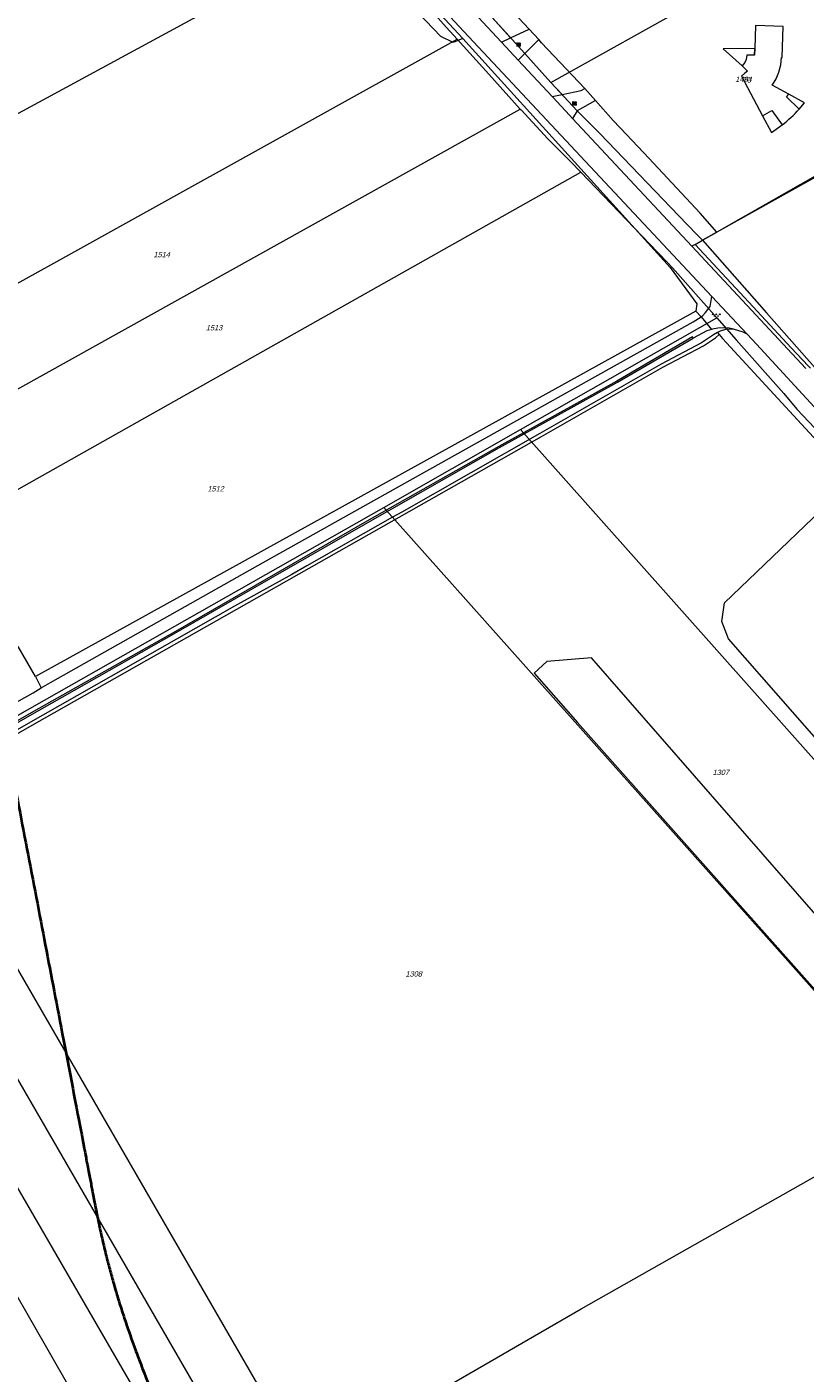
# Model space of a CAD drawing. Header units: metres. Extents: x 172462 to 175458, y 452773 to 455615.
# Tile 31 of 45: x 174235 to 174455, y 454277 to 454658. Entities that reach past the tile are written whole.
import ezdxf
from ezdxf.enums import TextEntityAlignment as Align

# ---------------------------------------------------------------- set-up
doc = ezdxf.new("R2010")
doc.units = ezdxf.units.M
doc.header["$MEASUREMENT"] = 0
for name, color, linetype, lineweight in [('BGT Ondergrond', 7, 'Continuous', 0), ('DKK ondergrond', 7, 'Continuous', 0), ('Meldgebied', 5, 'Continuous', 40)]:
    doc.layers.add(name, color=color, linetype=linetype, lineweight=lineweight)
doc.styles.add('Style-Arial', font='arial.ttf')
doc.styles.add('Style-arial I 0.26180', font='arial.shx', dxfattribs={"oblique": 15})

# ---------------------------------------------------------------- blocks, each defined once
blk = doc.blocks.new('*U16')
at = {"layer": 'BGT Ondergrond', "color": 7, "linetype": 'Continuous', "lineweight": 0}
for centre in [(-0.3, 0.35), (0, 0.25), (-0.1, -0.05), (0.1, -0.45), (0.2, -0.15)]:
    blk.add_circle(centre, 0.0447, dxfattribs=at)
blk = doc.blocks.new('BGT-271C_1')
at = {"layer": 'BGT Ondergrond', "color": 7, "linetype": 'Continuous', "lineweight": 0, "xscale": 0.07267220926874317, "yscale": 0.07267220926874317, "zscale": 0.07267220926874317, "rotation": 243.434948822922}
blk.add_blockref('*U16', (0, 0), dxfattribs=at)
blk = doc.blocks.new('*U10')
at = {"layer": 'BGT Ondergrond', "color": 7, "linetype": 'Continuous', "lineweight": 0}
for p, q in [((0.025, 0.059), (-0.062, 0.016)), ((-0.044, 0.025), (-0.05, 0.038)), ((0.038, 0.034), (-0.05, -0.009)), ((0.05, 0.009), (-0.037, -0.034)), ((-0.019, -0.025), (-0.031, 0)), ((-0.006, 0.013), (-0.019, 0.038)), ((0.006, 0.05), (0, 0.062)), ((0.031, 0), (0.019, 0.025)), ((0.062, -0.016), (-0.025, -0.059)), ((-0.006, -0.05), (0, -0.062)), ((0.019, -0.037), (0.006, -0.012)), ((0.044, -0.025), (0.05, -0.037))]:
    blk.add_line(p, q, dxfattribs=at)
blk = doc.blocks.new('BGT-272B')
at = {"layer": 'BGT Ondergrond', "color": 7, "linetype": 'Continuous', "lineweight": 0, "xscale": 0.7267220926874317, "yscale": 0.7267220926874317, "zscale": 0.7267220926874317, "rotation": 243.434948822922}
blk.add_blockref('*U10', (0, 0), dxfattribs=at)

msp = doc.modelspace()

# ---------------------------------------------------------------- linework, layer by layer
at = {"layer": 'BGT Ondergrond', "color": 7, "linetype": 'Continuous', "lineweight": 0, "flags": 128}
for points in [[(174177.27, 454849.17), (174358.24, 454654.8)], [(174358.24, 454654.8), (174355.47, 454653.61), (174352.01, 454655.32), (174179.24, 454835.71)], [(174428.78, 454581.71), (174358.48, 454656.78), (174315.55, 454702.95), (174303.07, 454716.31)], [(174376.98, 454657.44), (174357.47, 454678.28)], [(174371.76, 454654.94), (174363.88, 454663.66), (174362.23, 454665.48), (174354.7, 454674.04), (174354.12, 454674.57), (174353.07, 454675.88), (174352.17, 454676.8)], [(174351.36, 454672.96), (174365.24, 454657.94), (174369.19, 454653.71)], [(174371.76, 454654.94), (174376.98, 454657.44)], [(174379.73, 454654.46), (174376.98, 454657.44)], [(174358.24, 454654.8), (174416.98, 454589.91), (174424.52, 454579.62), (174424.19, 454577.54)], [(174369.19, 454653.71), (174371.76, 454654.94)], [(174369.19, 454653.71), (174373.89, 454648.67)], [(174379.73, 454654.46), (174375.76, 454650.52)], [(174380.54, 454653.58), (174379.73, 454654.46)], [(174392.81, 454640.6), (174380.54, 454653.58)], [(174526.07, 454653.23), (174494.46, 454636.03), (174477.63, 454626.86), (174430.2, 454599.93)], [(174440.91, 454651.9), (174432, 454651.84), (174437.37, 454647.02)], [(174440.83, 454650), (174440.91, 454651.9), (174440.91, 454651.9)], [(174375.76, 454650.52), (174373.89, 454648.67)], [(174373.89, 454648.67), (174383.55, 454638.31)], [(174386.33, 454638.91), (174383.14, 454642.34), (174375.76, 454650.52)], [(174386.33, 454638.91), (174391.73, 454640.05), (174392.81, 454640.6)], [(174395.84, 454637.16), (174392.81, 454640.6)], [(174383.55, 454638.31), (174386.33, 454638.91)], [(174383.55, 454638.31), (174383.8, 454638.05), (174388.44, 454633.08), (174389.34, 454632.11)], [(174395.84, 454637.16), (174390.64, 454634.29)], [(174410.91, 454620.85), (174404.58, 454627.52), (174400.84, 454631.5), (174395.84, 454637.16)], [(174453.47, 454634.74), (174455.04, 454636.58), (174450.6, 454638.99)], [(174390.64, 454634.29), (174389.34, 454632.11)], [(174390.64, 454634.29), (174397.02, 454627.85)], [(174443.13, 454632.81), (174445.63, 454628.11), (174448.73, 454630.31)], [(174389.34, 454632.11), (174423.12, 454595.91)], [(174397.02, 454627.85), (174419.45, 454604.54), (174424.47, 454599.28), (174426.08, 454597.6)], [(174430.2, 454599.93), (174425.48, 454605.23), (174410.91, 454620.85)], [(174426.08, 454597.6), (174430.2, 454599.93)], [(174424.01, 454596.42), (174423.12, 454595.91)], [(174423.12, 454595.91), (174436.11, 454581.99), (174455.38, 454561.29)], [(174424.01, 454596.42), (174426.08, 454597.6)], [(174456.74, 454561.33), (174456.11, 454561.97), (174451.29, 454567.14), (174441.66, 454577.5), (174436.84, 454582.67), (174430.34, 454589.63), (174424.01, 454596.42)], [(174425.72, 454575.94), (174426.22, 454576.27), (174426.94, 454577.13), (174428.33, 454578.82), (174428.78, 454581.71)], [(174438.78, 454571.03), (174428.78, 454581.71)], [(174424.19, 454577.54), (174237.2, 454473.99)], [(174423.48, 454574.46), (174425.72, 454575.94)], [(174425.72, 454575.94), (174424.19, 454577.54)], [(174425.72, 454575.94), (174428.65, 454572.32)], [(174430.41, 454571.46), (174429.22, 454570.78), (174425.83, 454568.51), (174414.4, 454562.53), (174380, 454542.83), (174340.94, 454520.6), (174338.32, 454519.11), (174314.07, 454505.35), (174309.74, 454502.9), (174293.55, 454493.92), (174277.1, 454484.56), (174239.2, 454463.03), (174164.06, 454420.24), (174094.34, 454380.5), (174092.76, 454379.6)], [(174238.81, 454470.76), (174241.42, 454472.26), (174300.18, 454505.49), (174340.96, 454528.27), (174423.48, 454574.46)], [(174428.65, 454572.32), (174427.31, 454571.89), (174423.46, 454569.89)], [(174434.88, 454572.41), (174433.67, 454572.71), (174432.18, 454572.83), (174430.5, 454572.7), (174428.99, 454572.42), (174428.65, 454572.32)], [(174434.88, 454572.41), (174432.6, 454572.32), (174431.14, 454571.87), (174430.41, 454571.46)], [(174430.41, 454571.46), (174430.82, 454570.94)], [(174438.78, 454571.03), (174437.62, 454571.58), (174434.88, 454572.41)], [(174423.46, 454569.89), (174423.27, 454570.24), (174401.86, 454557.71), (174368.38, 454539.2), (174330.41, 454517.6), (174276.78, 454486.77), (174238.15, 454464.88), (174100.99, 454386.73), (173877.52, 454260.57)], [(173877.72, 454260.22), (174101.18, 454386.38), (174238.35, 454464.53), (174276.98, 454486.42), (174330.61, 454517.25), (174368.57, 454538.85), (174402.05, 454557.37), (174423.46, 454569.89)], [(174093.32, 454378.64), (174094.84, 454379.63), (174112.27, 454389.57), (174147.12, 454409.44), (174183.34, 454430.07), (174220.91, 454451.47), (174239.69, 454462.16), (174380.5, 454541.97), (174389.1, 454546.89), (174397.69, 454551.81), (174406.29, 454556.74), (174414.89, 454561.66), (174426.39, 454567.68), (174428.08, 454568.82), (174429.78, 454569.95), (174430.82, 454570.94)], [(174430.82, 454570.94), (174431.76, 454569.77), (174468.74, 454529.76)], [(174493.65, 454511.39), (174441.44, 454568.18), (174438.78, 454571.03)], [(174527.43, 454372.77), (174550.18, 454387.58), (174536.64, 454402.38), (174519.13, 454386.96), (174433.5, 454484.68), (174431.6, 454489.6), (174432.39, 454494.84), (174468.74, 454529.76)], [(174237.2, 454473.99), (174232.27, 454482.51)], [(174394.71, 454479.28), (174381.99, 454478.24), (174378.45, 454474.91), (174390.75, 454460.94)], [(174390.75, 454460.94), (174488.27, 454351.17), (174492.08, 454353.55), (174493.19, 454361.64), (174491.92, 454367.84), (174394.71, 454479.28)], [(174237.2, 454473.99), (174238.81, 454470.76)], [(174227.92, 454464.51), (174236.46, 454469.41), (174238.81, 454470.76)]]:
    msp.add_lwpolyline(points, dxfattribs=at)
at = {"layer": 'BGT Ondergrond', "color": 7, "linetype": 'Continuous', "lineweight": 13, "flags": 128}
for points in [[(174448.68, 454649.35), (174448.96, 454658.15), (174441.18, 454658.47), (174440.91, 454651.9)], [(174440.91, 454651.9), (174440.83, 454650)], [(174440.83, 454650), (174438.69, 454650.06), (174438.49, 454648.83), (174438.16, 454647.96), (174437.37, 454647.02)], [(174448.49, 454649.36), (174448.68, 454649.35)], [(174437.37, 454647.02), (174438.9, 454645.5), (174438.16, 454644.95), (174437.13, 454644.12), (174443.13, 454632.81)], [(174450.6, 454638.99), (174445.85, 454641.57)], [(174453.47, 454634.74), (174449.9, 454638.28), (174450.6, 454638.99)], [(174443.13, 454632.81), (174445.75, 454634.38), (174448.73, 454630.31)]]:
    msp.add_lwpolyline(points, dxfattribs=at)
at = {"layer": 'BGT Ondergrond', "color": 7, "linetype": 'Continuous', "lineweight": 13}
for centre, radius, start, end in [((174434.92, 454649.61), 13.58, 323.6809, 358.9245), ((174424.9, 454660.59), 38.53, 308.2118, 317.8624)]:
    msp.add_arc(centre, radius, start, end, dxfattribs=at)
at = {"layer": 'DKK ondergrond', "color": 6, "linetype": 'Continuous', "lineweight": 0, "flags": 128}
for points in [[(174383.14, 454642.34), (174466.48, 454688.84)], [(174086.72, 454554.83), (174163.96, 454596.56), (174327.81, 454685.45)], [(174327.81, 454685.45), (174336.84, 454675.6), (174342.31, 454670.44), (174346.44, 454666), (174353.63, 454657.84), (174356.58, 454654.59)], [(174363.88, 454663.66), (174374.08, 454652.38), (174383.14, 454642.34)], [(174177.7, 454555.55), (174216.54, 454576.85), (174356.58, 454654.59)], [(174356.58, 454654.59), (174365.55, 454644.67), (174374.47, 454634.78)], [(174383.14, 454642.34), (174390.64, 454634.29), (174397.02, 454627.85), (174419.45, 454604.54), (174424.47, 454599.28), (174426.08, 454597.59)], [(174495.72, 454636.44), (174426.08, 454597.59)], [(174190.93, 454532.47), (174224.35, 454551.18), (174374.47, 454634.78)], [(174374.47, 454634.78), (174374.72, 454634.51), (174382.34, 454626.33), (174388.8, 454619.81), (174391.65, 454616.85)], [(174203.36, 454510.84), (174391.65, 454616.85)], [(174391.65, 454616.85), (174411.14, 454596.59), (174416.15, 454591.35), (174417.6, 454589.83), (174430.14, 454575.65)], [(174426.08, 454597.59), (174444.3, 454576.99), (174457.86, 454561.67), (174461.4, 454557.43), (174479.82, 454537.99), (174492.15, 454524.91)], [(174374.59, 454543.96), (174430.14, 454575.65)], [(174430.14, 454575.65), (174430.84, 454574.86)], [(174430.84, 454574.86), (174435.69, 454569.37), (174449.14, 454554.17), (174452.81, 454549.78), (174471.42, 454530.14), (174483.78, 454517.02), (174490.99, 454508.89), (174501.41, 454497.54), (174510.25, 454488.89), (174525.9, 454472.66), (174530.22, 454468.58), (174537.87, 454460.45), (174541.93, 454455.25), (174557.28, 454438.69), (174578.28, 454415.94), (174587.16, 454406.32)], [(174335.88, 454521.86), (174374.59, 454543.96)], [(174374.59, 454543.96), (174527.77, 454371.84), (174527.9, 454371.61)], [(174200.74, 454445.22), (174220.8, 454456.59), (174335.88, 454521.86)], [(174335.88, 454521.86), (174448.05, 454395.95), (174488.99, 454349.85)], [(174200.74, 454445.22), (174313.77, 454249.7)], [(174187.15, 454437.51), (174290.11, 454259.43), (174395.17, 454076.77)], [(174173.65, 454429.86), (174266.82, 454269.03), (174382.27, 454069.31)], [(174160.78, 454422.56), (174257.35, 454254.04), (174368.38, 454061.28)], [(174313.77, 454249.7), (174391.72, 454294.8), (174488.99, 454349.85)]]:
    msp.add_lwpolyline(points, dxfattribs=at)
at = {"layer": 'Meldgebied'}
msp.add_rational_spline([(173886.48, 454940.1), (173810.66, 454919.59), (173735.88, 454895.58), (173559.06, 454831.42), (173382.23, 454767.25), (173335.51, 454752.28), (173297.91, 454720.75), (173118.26, 454570.12), (172938.61, 454419.49), (172892.93, 454381.19), (172869.45, 454326.4), (172868.91, 454325.14), (172868.37, 454323.89), (172831.65, 454238.2), (172859.99, 454149.4), (172864.32, 454135.82), (172868.66, 454122.25), (172882.72, 454078.19), (172911.6, 454042.08), (172988.36, 453946.14), (173065.12, 453850.19), (173127.84, 453771.79), (173227.37, 453758.55), (173396.88, 453662.15), (173566.39, 453565.75), (173645.01, 453555.29), (173715.29, 453592.07), (174010.54, 453746.62), (174305.79, 453901.16), (174311.32, 453912.56), (174316.86, 453923.96), (174363.66, 454020.32), (174326.18, 454120.66), (174295.84, 454201.89), (174265.51, 454283.12), (174258.12, 454302.89), (174254.16, 454323.62), (174225.24, 454474.75), (174196.33, 454625.88), (174183.22, 454694.4), (174207.49, 454759.81), (174234.51, 454832.64), (174261.53, 454905.48), (174241.08, 454927.44), (174220.63, 454949.4), (174119.41, 455040.82), (173987.76, 455005.2), (173937.12, 454972.65), (173886.48, 454940.1)], [1, 0.99973656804, 1, 1, 1, 0.981280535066, 1, 1, 1, 0.972729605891, 1, 1, 1, 0.936980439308, 1, 1, 1, 0.983319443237, 1, 1, 1, 0.92795740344, 1, 1, 1, 0.953173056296, 1, 1, 1, 1, 1, 0.919180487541, 1, 1, 1, 0.996456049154, 1, 1, 1, 0.963201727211, 1, 1, 1, 1, 1, 0.877857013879, 1, 1, 1], degree=2, knots=[0, 0, 0, 0.045455, 0.045455, 0.090909, 0.090909, 0.136364, 0.136364, 0.181818, 0.181818, 0.227273, 0.227273, 0.272727, 0.272727, 0.318182, 0.318182, 0.363636, 0.363636, 0.409091, 0.409091, 0.454545, 0.454545, 0.5, 0.5, 0.545455, 0.545455, 0.590909, 0.590909, 0.613636, 0.613636, 0.636364, 0.636364, 0.681818, 0.681818, 0.727273, 0.727273, 0.772727, 0.772727, 0.818182, 0.818182, 0.863636, 0.863636, 0.886364, 0.886364, 0.909091, 0.909091, 0.954545, 0.954545, 1, 1, 1], dxfattribs=at)

# ---------------------------------------------------------------- block references
at = {"layer": 'BGT Ondergrond', "color": 7, "linetype": 'Continuous', "lineweight": 0}
for name, p, xscale, yscale, zscale in [('BGT-272B', (174374.06, 454653.06), 15, 15, 15), ('BGT-272B', (174389.88, 454636.36), 15, 15, 15), ('BGT-271C_1', (174430.04, 454576.37), 30, 30, 30)]:
    msp.add_blockref(name, p, dxfattribs=dict(at, xscale=xscale, yscale=yscale, zscale=zscale))

# ---------------------------------------------------------------- texts
at = {"layer": 'BGT Ondergrond', "color": 7, "linetype": 'Continuous', "lineweight": 0, "style": 'Style-Arial'}
msp.add_text('70  ', height=1.5, dxfattribs=at).set_placement((174439.34, 454643), align=Align.MIDDLE_CENTER)
at = {"layer": 'DKK ondergrond', "color": 6, "linetype": 'Continuous', "lineweight": 0, "style": 'Style-arial I 0.26180', "oblique": 15}
for s, p in [('1494', (174437.73, 454643.22)), ('1514', (174272.9, 454593.53)), ('1513', (174287.75, 454572.81)), ('1512', (174288.19, 454527.18)), ('1307', (174431.31, 454446.83)), ('1308', (174344.3, 454389.73))]:
    msp.add_text(s, height=1.5, dxfattribs=at).set_placement(p, align=Align.MIDDLE_CENTER)

doc.saveas('drawing.dxf')
********
#### Task brief
Your answer should be the lines above from the one containing "color=color, linetype=linetype, lineweight=lineweight)" through the one containing "blk = doc.blocks.new('*U10')", copied exactly and with both ends kept.

#### Solution for this problem
    doc.layers.add(name, color=color, linetype=linetype, lineweight=lineweight)
doc.styles.add('Style-Arial', font='arial.ttf')
doc.styles.add('Style-arial I 0.26180', font='arial.shx', dxfattribs={"oblique": 15})

# ---------------------------------------------------------------- blocks, each defined once
blk = doc.blocks.new('*U16')
at = {"layer": 'BGT Ondergrond', "color": 7, "linetype": 'Continuous', "lineweight": 0}
for centre in [(-0.3, 0.35), (0, 0.25), (-0.1, -0.05), (0.1, -0.45), (0.2, -0.15)]:
    blk.add_circle(centre, 0.0447, dxfattribs=at)
blk = doc.blocks.new('BGT-271C_1')
at = {"layer": 'BGT Ondergrond', "color": 7, "linetype": 'Continuous', "lineweight": 0, "xscale": 0.07267220926874317, "yscale": 0.07267220926874317, "zscale": 0.07267220926874317, "rotation": 243.434948822922}
blk.add_blockref('*U16', (0, 0), dxfattribs=at)
blk = doc.blocks.new('*U10')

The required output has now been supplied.